▶ **EXERCISE DIRECTIONS**
Below are the records; retype them exactly and omit each picture.

▶ **WORKING DATA**
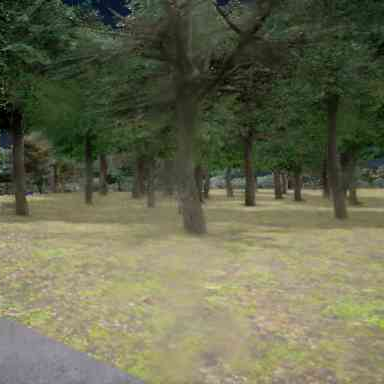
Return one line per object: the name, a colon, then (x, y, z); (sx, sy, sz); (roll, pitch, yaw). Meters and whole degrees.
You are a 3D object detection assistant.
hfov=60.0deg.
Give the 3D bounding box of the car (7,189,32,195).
car: (-35.665, 0.103, 68.832); (1.812, 1.442, 4.674); (-3, 0, 34)
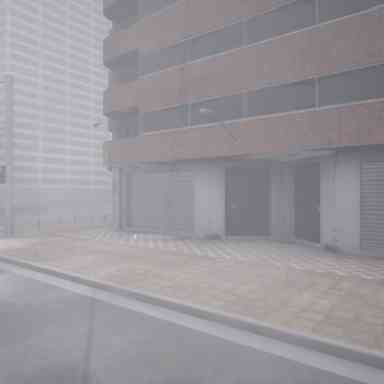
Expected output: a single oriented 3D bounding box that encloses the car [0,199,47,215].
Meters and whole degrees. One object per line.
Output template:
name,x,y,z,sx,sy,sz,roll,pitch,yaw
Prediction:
car,-16.804,1.505,32.730,1.837,1.490,4.892,0,1,37
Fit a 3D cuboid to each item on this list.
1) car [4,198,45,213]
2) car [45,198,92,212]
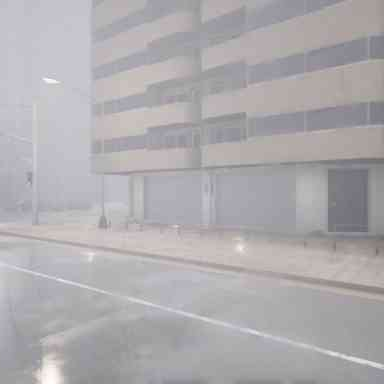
[{"bbox_3d":[-18.481,1.500,37.574,1.837,1.490,4.892,0,1,37],"label":"car"},{"bbox_3d":[-13.767,1.501,38.055,1.837,1.490,4.892,0,0,37],"label":"car"}]
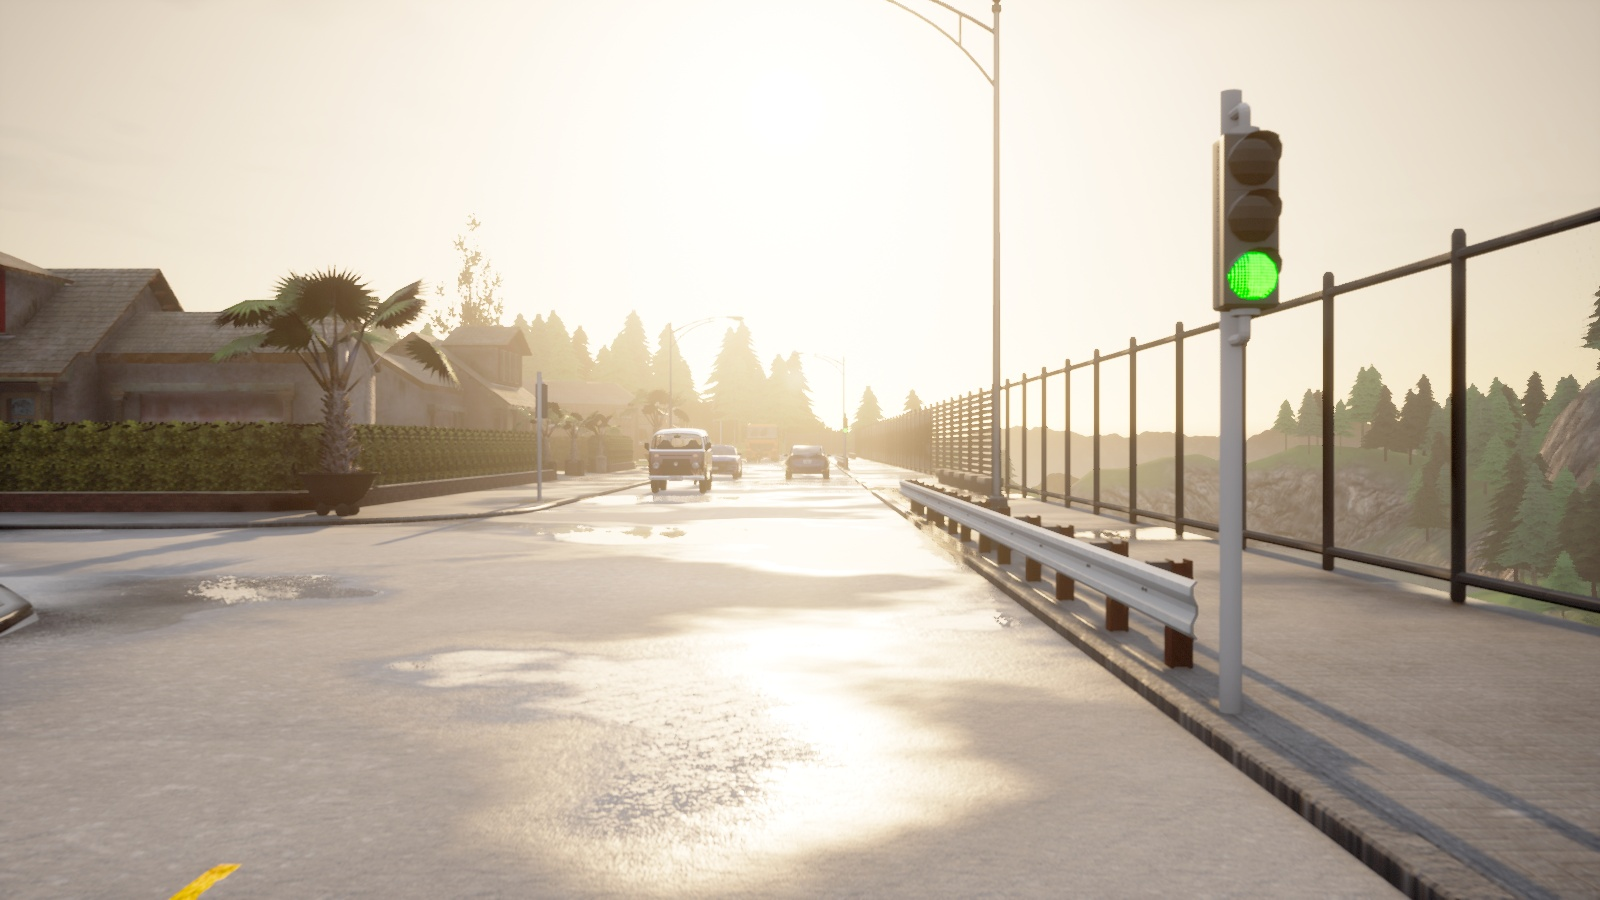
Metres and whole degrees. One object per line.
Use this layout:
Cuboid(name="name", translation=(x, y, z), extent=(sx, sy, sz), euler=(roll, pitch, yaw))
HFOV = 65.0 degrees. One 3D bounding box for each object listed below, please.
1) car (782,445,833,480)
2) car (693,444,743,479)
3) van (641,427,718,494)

▶ **OUTPUT BELOW**
Return one line per object: the name, a colon, then (x, y, z); (sx, sy, sz); (roll, pitch, yaw). Meters and whole degrees.
You are a 3D object detection assistant.
hfov=60.0deg.
Give the 3D bounding box of the car (7,189,32,195).
car: (-35.665, 0.103, 68.832); (1.812, 1.442, 4.674); (-3, 0, 34)
Expected output: a single oriented 3D bounding box that encloses the car [0,199,47,215].
Meters and whole degrees. One object per line.
Output template:
name,x,y,z,sx,sy,sz,roll,pitch,yaw
Prediction:
car,-16.804,1.505,32.730,1.837,1.490,4.892,0,1,37
Fit a 3D cuboid to each item on this list.
1) car [4,198,45,213]
2) car [45,198,92,212]
[{"bbox_3d":[-18.481,1.500,37.574,1.837,1.490,4.892,0,1,37],"label":"car"},{"bbox_3d":[-13.767,1.501,38.055,1.837,1.490,4.892,0,0,37],"label":"car"}]
Metres and whole degrees. One object per line.
Use this layout:
Cuboid(name="name", translation=(x, y, z), extent=(sx, sy, sz), euler=(roll, pitch, yaw))
HFOV = 65.0 degrees. One 3D bounding box for each object listed below, please.
1) car (782,445,833,480)
2) car (693,444,743,479)
3) van (641,427,718,494)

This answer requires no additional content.